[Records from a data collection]
BEGIN
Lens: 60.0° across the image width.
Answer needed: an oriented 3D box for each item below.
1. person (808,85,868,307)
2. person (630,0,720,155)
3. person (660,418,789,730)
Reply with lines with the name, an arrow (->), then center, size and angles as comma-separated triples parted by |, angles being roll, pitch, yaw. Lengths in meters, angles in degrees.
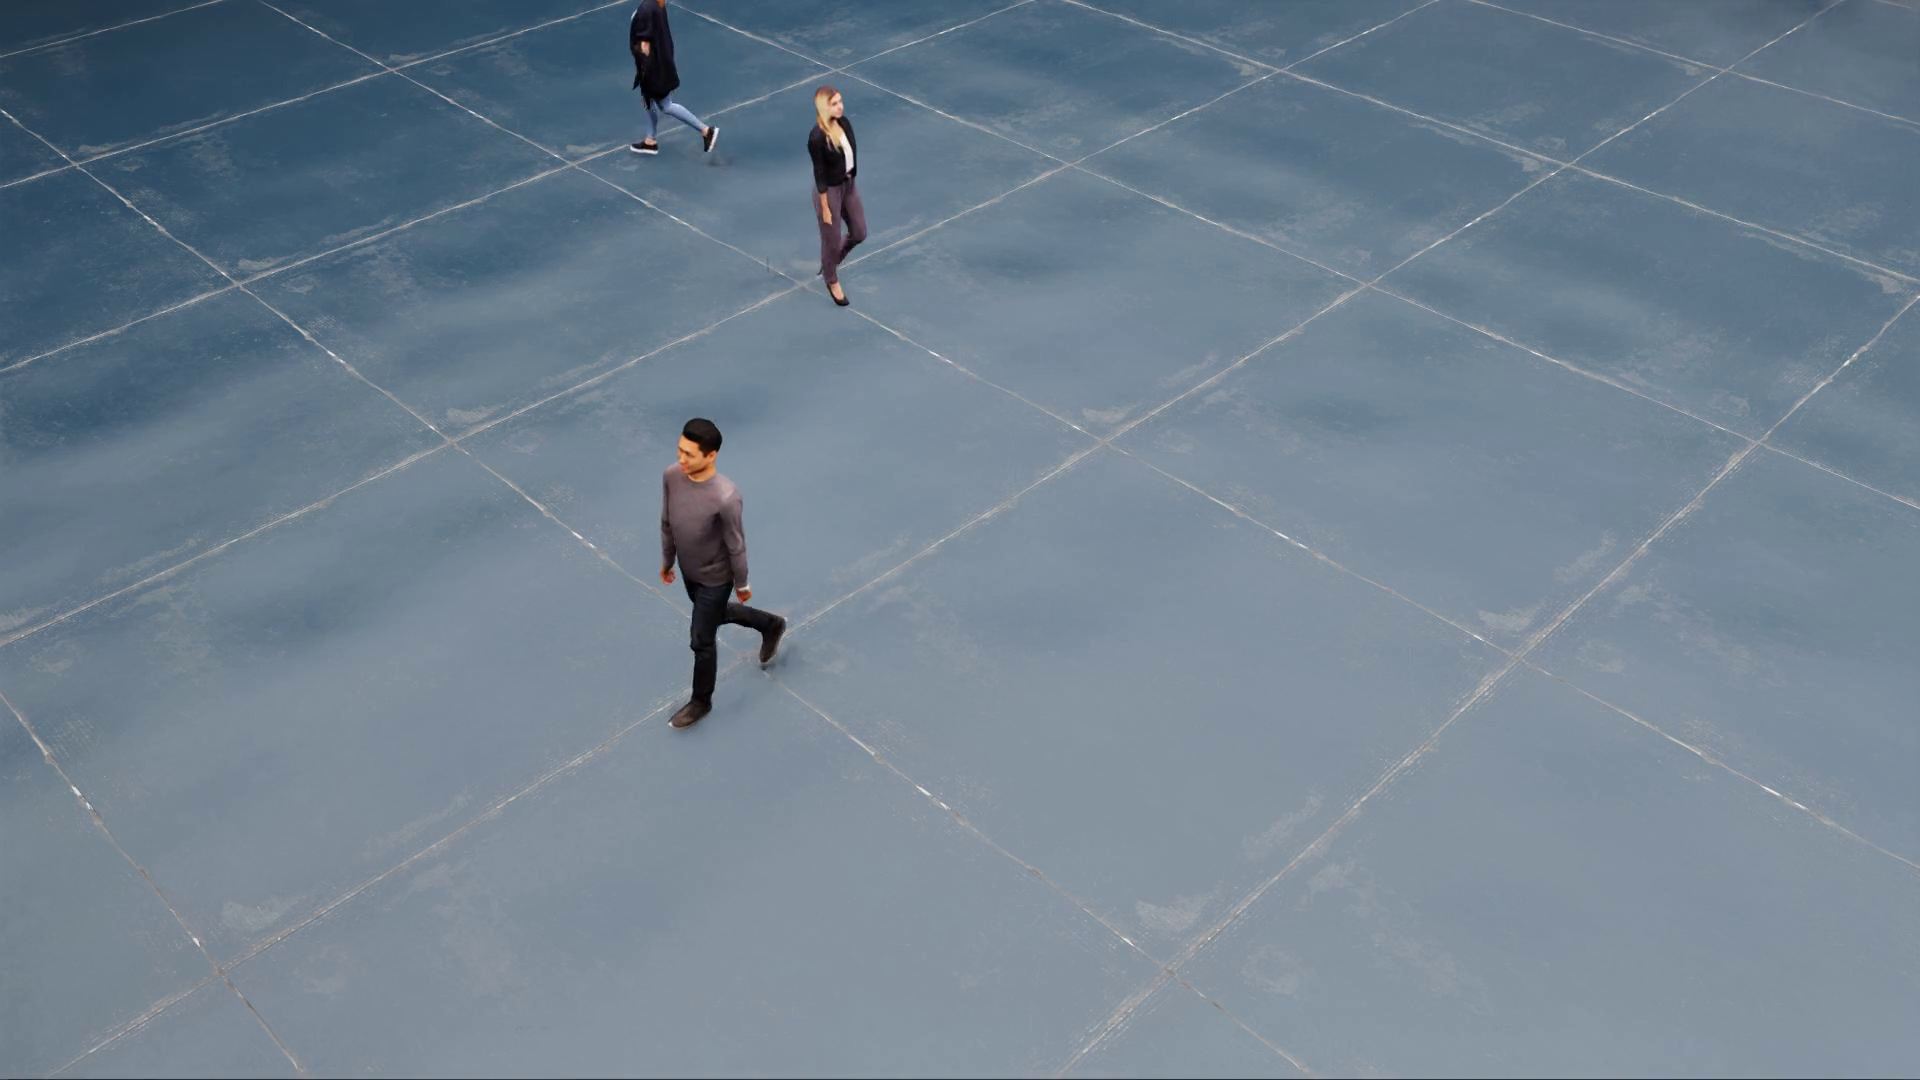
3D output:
person -> -0.955, -2.434, 11.795 | 0.700, 1.661, 0.595 | 23, 43, 27
person -> -2.430, -3.940, 13.777 | 1.066, 1.660, 1.080 | 5, 38, 7
person -> -1.205, 0.112, 8.377 | 1.070, 1.746, 0.640 | 31, 47, 34
END
Exactly as they appear above, output the lines of the data from the first through the one that contains "Reply with lines", and only those lines.

• [WRITTEN REPLY]
Lens: 60.0° across the image width.
Answer needed: an oriented 3D box for each item below.
1. person (808,85,868,307)
2. person (630,0,720,155)
3. person (660,418,789,730)
Reply with lines with the name, an arrow (->), then center, size and angles as comma-separated triples parted by |, angles being roll, pitch, yaw. Lengths in meters, angles in degrees.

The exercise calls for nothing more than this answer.